Hi folks,
I was thinking about this implementation to sample $\epsilon$
with multivariate distribution. Similar to the way we handle variables in random block. Here is an example: (See comments below the code):
const N_THETA = 3
const N_OMEGA = 3
const N_SIGMA = 2
model = @model begin
@param begin
θ ∈ VectorDomain(N_THETA)
Ω ∈ PDiagDomain(N_OMEGA)
Σ ∈ PDiagDomain(N_SIGMA)
end
@random begin
η ~ MvNormal(Ω)
ϵ ~ MvNormal(Σ)
end
@pre begin
CLᵢ = exp(log(θ[1]) + η[1])
Vᵢ = exp(log(θ[2]) + η[2])
kaᵢ = exp(log(θ[3]) + η[3])
keᵢ = CLᵢ/Vᵢ
end
@dynamics begin
y1' = - kaᵢ * y1
y2' = kaᵢ* y1 - keᵢ * y2
end
@derived begin
cp = @. y2/Vᵢ
dv = @. cp + cp * ϵ[1] + ϵ[2]
end
end
COMMENT: Currently, epsilon will have one value per subject and will not change which is expected from @random
block.

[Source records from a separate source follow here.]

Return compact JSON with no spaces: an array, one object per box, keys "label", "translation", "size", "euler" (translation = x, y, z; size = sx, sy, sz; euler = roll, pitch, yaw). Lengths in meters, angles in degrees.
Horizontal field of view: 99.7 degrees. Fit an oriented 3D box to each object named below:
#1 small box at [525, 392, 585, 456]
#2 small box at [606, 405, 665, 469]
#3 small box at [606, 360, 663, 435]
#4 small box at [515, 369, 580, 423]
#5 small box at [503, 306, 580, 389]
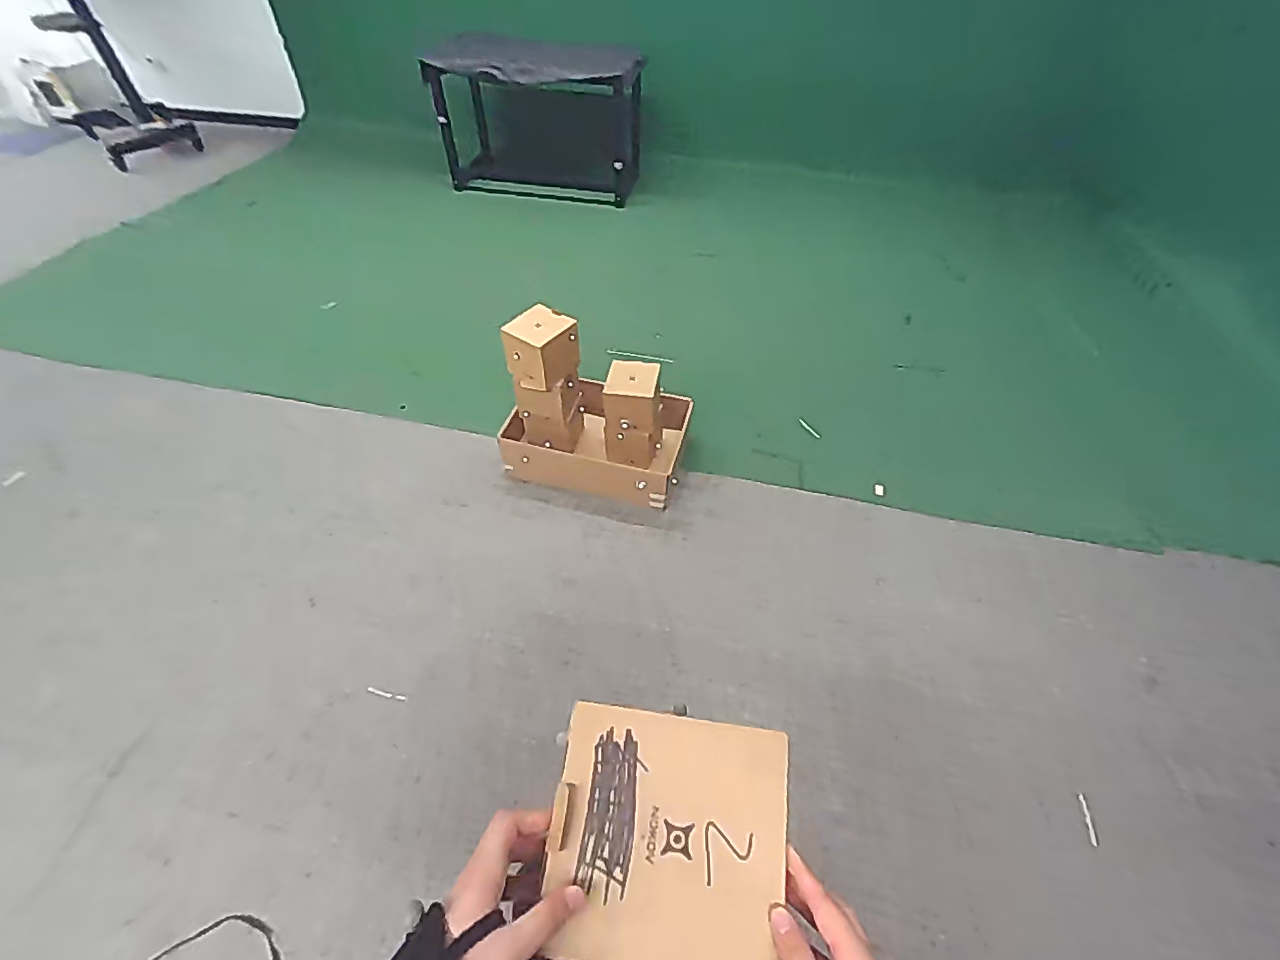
[{"label":"small box","translation":[-0.303,-0.215,1.970],"size":[0.168,0.176,0.179],"euler":[10,50,8]},{"label":"small box","translation":[-0.015,-0.170,1.940],"size":[0.168,0.176,0.179],"euler":[14,50,12]},{"label":"small box","translation":[-0.016,-0.276,1.816],"size":[0.168,0.176,0.179],"euler":[6,51,7]},{"label":"small box","translation":[-0.307,-0.317,1.841],"size":[0.168,0.176,0.179],"euler":[12,49,8]},{"label":"small box","translation":[-0.302,-0.418,1.713],"size":[0.168,0.176,0.179],"euler":[30,53,22]}]
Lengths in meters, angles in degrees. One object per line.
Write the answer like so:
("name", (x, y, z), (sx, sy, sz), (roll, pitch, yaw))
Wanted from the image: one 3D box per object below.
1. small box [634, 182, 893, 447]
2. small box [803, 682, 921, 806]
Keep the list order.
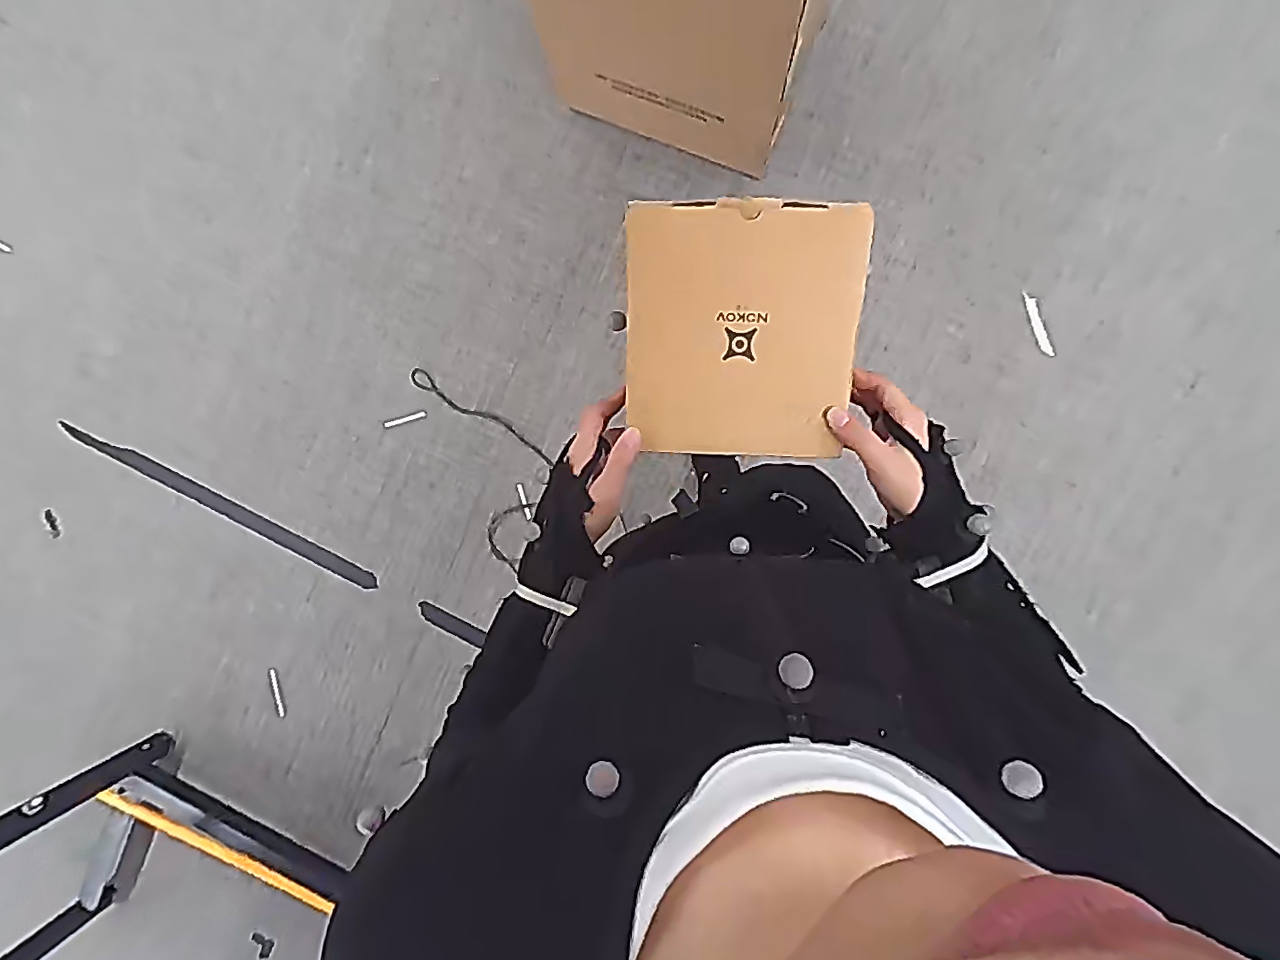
("small box", (0.084, -0.134, 0.451), (0.168, 0.176, 0.179), (2, 107, 3))
("small box", (0.507, 0.604, 1.262), (0.179, 0.176, 0.168), (27, 93, 5))
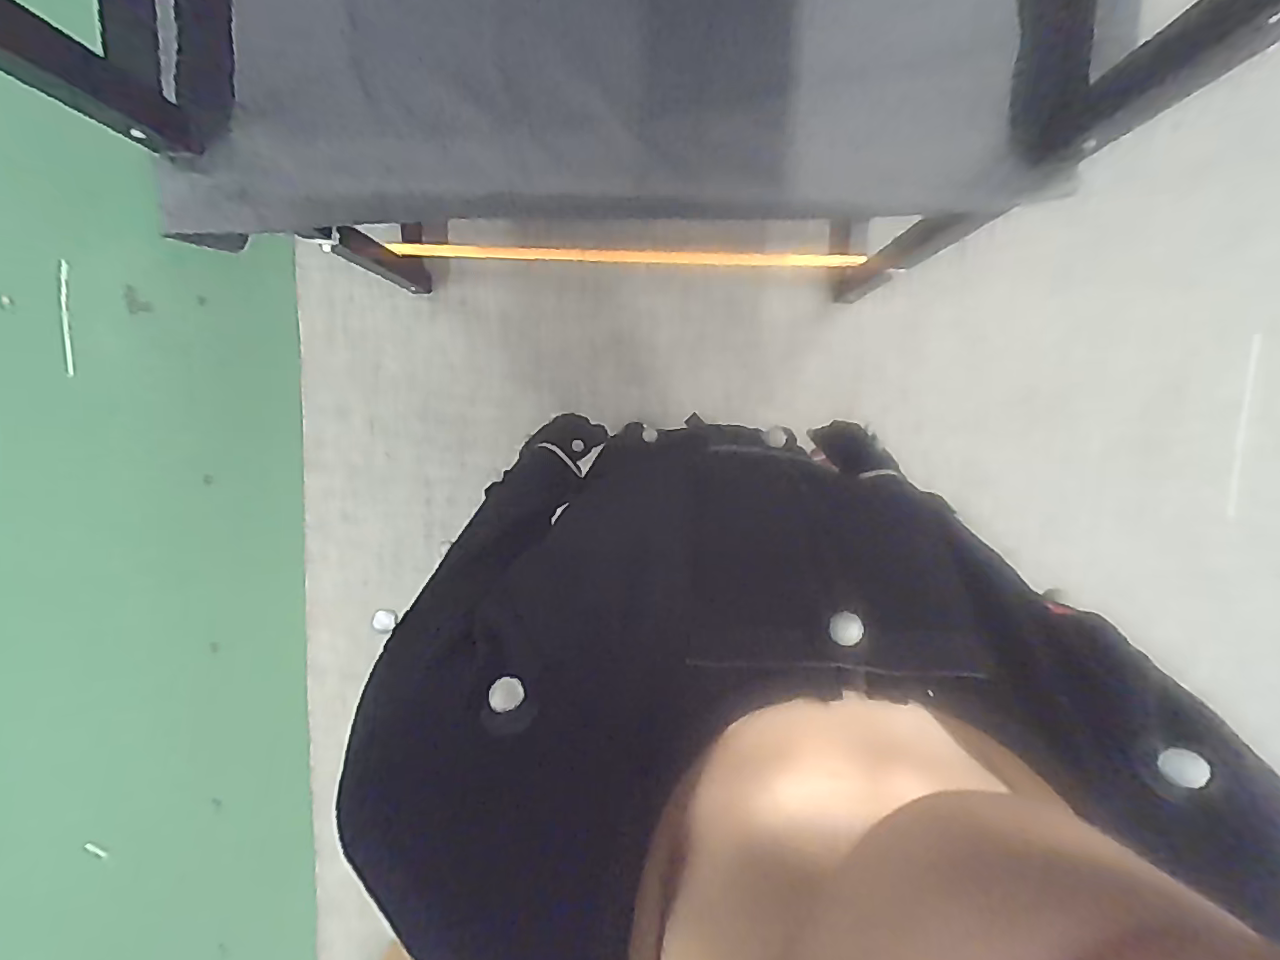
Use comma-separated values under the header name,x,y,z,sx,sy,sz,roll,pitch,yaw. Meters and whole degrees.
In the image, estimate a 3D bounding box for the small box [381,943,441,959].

Is there a way that one can sample within the same subject?
Here is a dummy setup:
event = DosageRegimen(100)
sub = Subject(;id=1, events=event)
par_values = (θ=[8, 25, 1.5], Ω = Diagonal([0.09, 0.09, 0.09]), Σ = Diagonal([0.015, 0.0625]), )
sim = simobs(model, sub, par_values) |> DataFrame
You can see the values of epsilons from dataframe.